The Organizational Agent Controls framework operationalizes Layer 3 specifically, defining the five governance decisions every organization must make before any agent goes live, and distinguishing what the platform enforces from what the organization must design.

The Agent Substrate Readiness Model applies Intent Architecture to specific systems of record, Salesforce, ServiceNow, SAP, Jira, and the Microsoft stack, where agents are now reading and writing business-critical state. The question it answers is not whether the system can support agents technically. It is whether the organization has authorized agents to use those technical capabilities.
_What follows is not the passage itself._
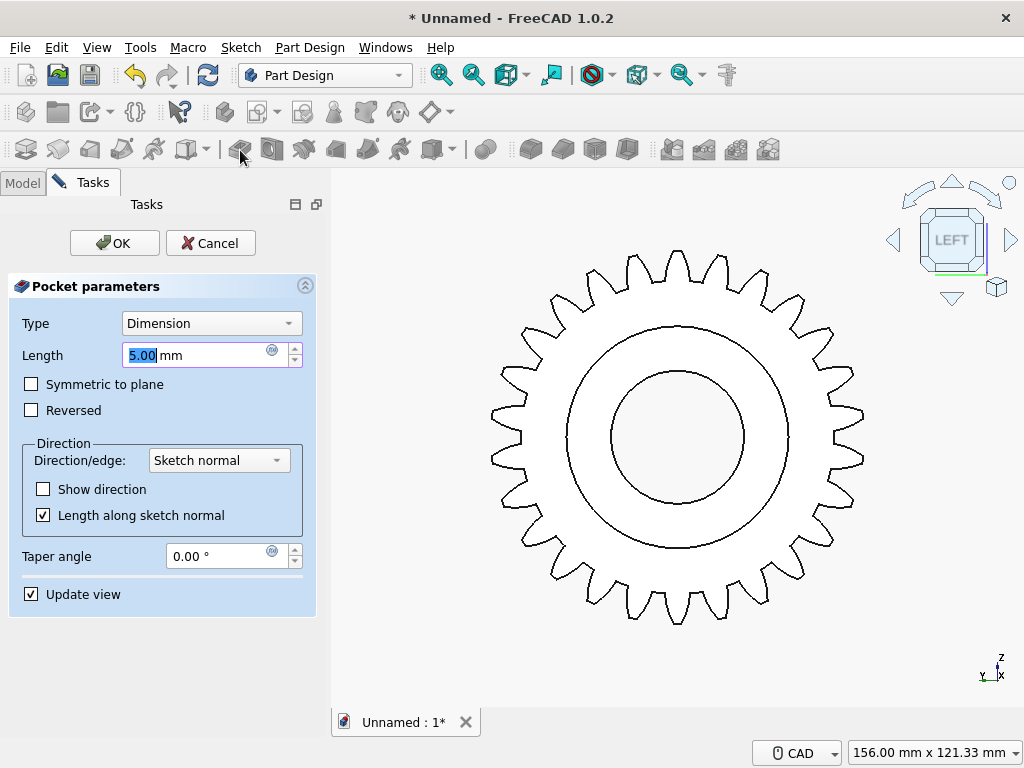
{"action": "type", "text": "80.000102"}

When Intent Architecture is missing, the Authorization Coverage Lifecycle begins accumulating Governance Debt from the moment the agent goes live. Each day the agent operates without a documented authorization record, a named owner, and a defined review process is another day of debt that must be addressed either deliberately or under external pressure.

RELATED CONCEPTS

Where Intent Architecture sits in the accountability structure

Intent Architecture is the design layer. The other four concepts describe what happens when it is absent, partial, or not enforced.

Governance Debt accumulates from the moment an agent goes live without complete Intent Architecture in place. Each unauthorized deployment is a unit of debt that must be addressed either through deliberate remediation or under external examination pressure.
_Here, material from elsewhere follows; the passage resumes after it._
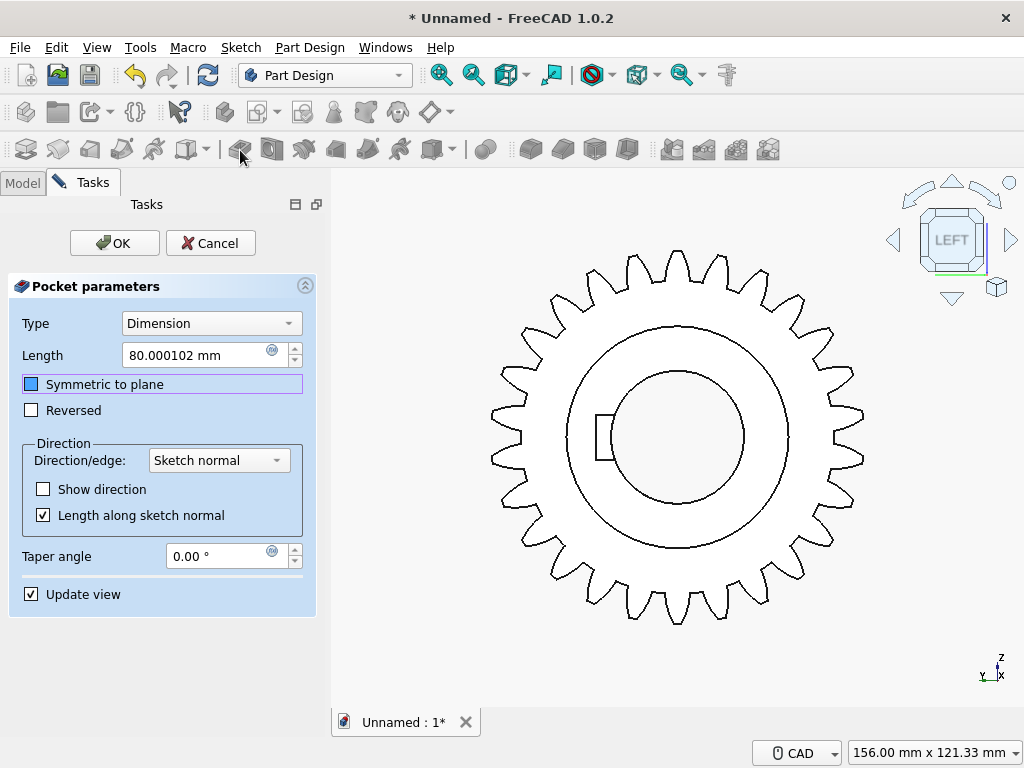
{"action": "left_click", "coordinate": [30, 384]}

The Intent Gap is the distance between what an organization genuinely intended an AI system to do and what it actually does in production. Intent Architecture is the organizational design work that closes that gap before the agent runs, not after the gap becomes visible in outputs that cause harm.

The Accountability Assumption is the implicit organizational belief that accountability for an agent's decisions resides with the vendor, the platform, or another team. Intent Architecture makes that assumption explicit and answerable because a complete authorization record names the Consequence Owner who accepted accountability before the agent went live.

Agent Sprawl describes what happens when Intent Architecture does not govern deployment at scale. Agents multiply faster than authorization records are produced. The gap between deployed agents and governed agents widens with every sprint cycle that includes deployment but not authorization design.

WHAT GOOD LOOKS LIKE

When Intent Architecture is in place

Any person in the organization, a new compliance officer, an external auditor, or a board member, can be handed the authorization record for any deployed agent and answer the following questions without additional research: what is this agent authorized to do, what is it explicitly prohibited from doing, what data can it access, who approved its deployment, and who is the Consequence Owner accountable for its ongoing behavior. The record is complete. The owner is reachable. The review date has not passed.

That is the standard. Most organizations are not there for most of their deployed agents. The Authorization Coverage Lifecycle measures exactly how far the gap is. Intent Architecture is the design work that closes it.

RESEARCH BASIS

  • Aim Security, EchoLeak disclosure, CVE-2025-32711, CVSS 9.3, June 2025.
  • Orca Security, RoguePilot research, February 2026.
  • NIST National Cybersecurity Center of Excellence, "Accelerating the Adoption of Software and AI Agent Identity and Authorization," February 5, 2026.
  • Cloud Security Alliance Agentic NIST AI RMF Profile, April 1, 2026.